Simon Lancaster: Why David Cameron is 'trigger' happy on the EU

Written by Simon Lancaster on 9 May 2016 in Opinion
Opinion

There can be no doubt about the prime minister’s weasel word of choice in the EU referendum.

David Cameron

A few years ago, I went to a fascinating exhibition about books and babies at Cambridge University. They had on display some medieval manuscripts about weasels and child birth showing how, in the 13th Century, it was commonly understood that weasels conceived through the ear and gave birth through the mouth.

It was probably this biologically inaccurate conception that led to the idea of ‘weasel words’: the notion of unpleasant, shifty, vermin-like creatures emanating from people’s mouths, going around causing damage and harm to all and sundry.

I couldn’t help but think of weasels this morning when I saw the front pages filled with David Cameron’s hyperbolic warning that Brexit will trigger world war and genocide.

If you’ve been watching closely, you might have seen that ‘trigger’ has been the prime minister’s weasel word of choice in this referendum. If you google ‘David Cameron’ and ‘trigger’, you get almost 3 million results. If you google ‘Del Boy’ and ‘Trigger’ you get less than 30,000.

Whenever the prime minister is in search of a verb to describe the consequences of Brexit, the first thing he reaches for is his ‘trigger’.

In the House of Commons on 23rd February, Cameron said that, ‘If the British people vote to leave, there is only one way to bring that about, namely to trigger Article 50 of the treaties and begin the process of exit…’ He could have chosen from hundreds of other words in this context - ‘apply’, ‘appeal’ or ‘administer’ for instance (just to pick words beginning with the letter ‘a’) – but, no, he decided to go with trigger.

On 8th February, the prime minister said Brexit would ‘trigger a surge in refugee camps across South East England’. Again! Not ‘cause’, ‘create’ or ‘catalyse’ – trigger.

On 2nd March, he said that Brexit would ‘trigger economic shock across Britain’. Not ‘incite’, ‘initiate’ or ‘instigate’ - trigger.

The Prime Minister is clearly actively associating the idea of war/violence/death and Brexit in our mind.

Today he is making this connection explicitly, appealing to our rational minds with rational argument, but this is an idea he has been propagating for months subliminally.

The word ‘trigger’ even appeared in the very first paragraph of the controversial government information leaflet – ‘Why the Government believes that voting to remain in the EU is the best decision for the UK’.

The idea that Brexit would lead to war is clearly hyperbolic, but because of the priming that has occurred over the last few months, the British people are more likely to accept it.

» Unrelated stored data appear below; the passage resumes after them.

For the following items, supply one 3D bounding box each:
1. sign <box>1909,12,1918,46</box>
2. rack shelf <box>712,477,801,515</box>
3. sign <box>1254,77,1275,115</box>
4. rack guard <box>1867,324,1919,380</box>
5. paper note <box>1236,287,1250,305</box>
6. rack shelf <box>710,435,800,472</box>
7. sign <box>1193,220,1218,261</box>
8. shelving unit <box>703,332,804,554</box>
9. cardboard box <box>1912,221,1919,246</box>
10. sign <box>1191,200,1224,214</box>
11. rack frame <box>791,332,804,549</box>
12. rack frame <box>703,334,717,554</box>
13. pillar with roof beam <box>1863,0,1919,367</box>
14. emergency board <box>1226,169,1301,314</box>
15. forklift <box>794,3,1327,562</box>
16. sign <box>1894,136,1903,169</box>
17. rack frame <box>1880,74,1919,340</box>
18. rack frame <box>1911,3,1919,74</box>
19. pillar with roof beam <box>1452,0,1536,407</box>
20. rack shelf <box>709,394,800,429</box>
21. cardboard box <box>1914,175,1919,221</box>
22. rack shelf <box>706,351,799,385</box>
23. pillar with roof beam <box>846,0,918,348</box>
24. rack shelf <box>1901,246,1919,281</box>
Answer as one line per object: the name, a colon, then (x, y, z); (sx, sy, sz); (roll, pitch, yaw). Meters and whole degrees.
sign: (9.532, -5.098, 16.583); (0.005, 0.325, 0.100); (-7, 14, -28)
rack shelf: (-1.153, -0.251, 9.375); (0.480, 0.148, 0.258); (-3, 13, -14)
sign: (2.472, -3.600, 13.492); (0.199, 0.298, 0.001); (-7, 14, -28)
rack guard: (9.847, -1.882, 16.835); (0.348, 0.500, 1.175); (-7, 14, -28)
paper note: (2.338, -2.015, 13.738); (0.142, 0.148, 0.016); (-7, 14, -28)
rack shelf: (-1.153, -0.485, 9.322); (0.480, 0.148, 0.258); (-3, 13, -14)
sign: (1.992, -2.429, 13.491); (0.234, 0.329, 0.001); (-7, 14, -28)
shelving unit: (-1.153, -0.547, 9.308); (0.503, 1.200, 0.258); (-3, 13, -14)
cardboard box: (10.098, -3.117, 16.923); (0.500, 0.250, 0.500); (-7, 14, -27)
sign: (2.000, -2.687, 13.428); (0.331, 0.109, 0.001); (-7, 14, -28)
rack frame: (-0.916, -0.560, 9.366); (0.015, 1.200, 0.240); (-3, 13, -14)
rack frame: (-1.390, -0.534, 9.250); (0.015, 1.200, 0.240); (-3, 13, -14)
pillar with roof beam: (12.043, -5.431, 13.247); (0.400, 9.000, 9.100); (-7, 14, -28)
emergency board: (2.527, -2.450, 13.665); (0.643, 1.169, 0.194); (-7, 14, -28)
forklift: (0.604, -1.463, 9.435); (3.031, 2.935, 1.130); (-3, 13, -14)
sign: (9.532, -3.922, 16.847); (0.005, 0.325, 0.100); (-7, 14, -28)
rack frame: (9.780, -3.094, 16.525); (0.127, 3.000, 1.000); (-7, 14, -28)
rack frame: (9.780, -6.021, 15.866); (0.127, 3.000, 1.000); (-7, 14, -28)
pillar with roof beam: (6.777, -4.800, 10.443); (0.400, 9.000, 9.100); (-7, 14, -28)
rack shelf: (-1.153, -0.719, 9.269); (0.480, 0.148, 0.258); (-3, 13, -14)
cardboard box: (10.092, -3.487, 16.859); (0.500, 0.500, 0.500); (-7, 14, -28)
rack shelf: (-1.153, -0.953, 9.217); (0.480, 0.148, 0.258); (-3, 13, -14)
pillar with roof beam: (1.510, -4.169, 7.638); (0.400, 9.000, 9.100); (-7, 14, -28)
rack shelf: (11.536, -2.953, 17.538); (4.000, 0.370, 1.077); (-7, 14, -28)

This is a sign the Remain campaign is winning the war of words.

In Only Fools and Horses, Trigger continously called Rodney ‘Dave’. It was a recurring sign of Trigger’s stupidity. In using the word ‘trigger’, Dave has proved that, when it comes to communication, he’s no fool.

 

Simon Lancaster is a professional speechwriter and author of Winning Minds: Secrets from the Language of Leadership.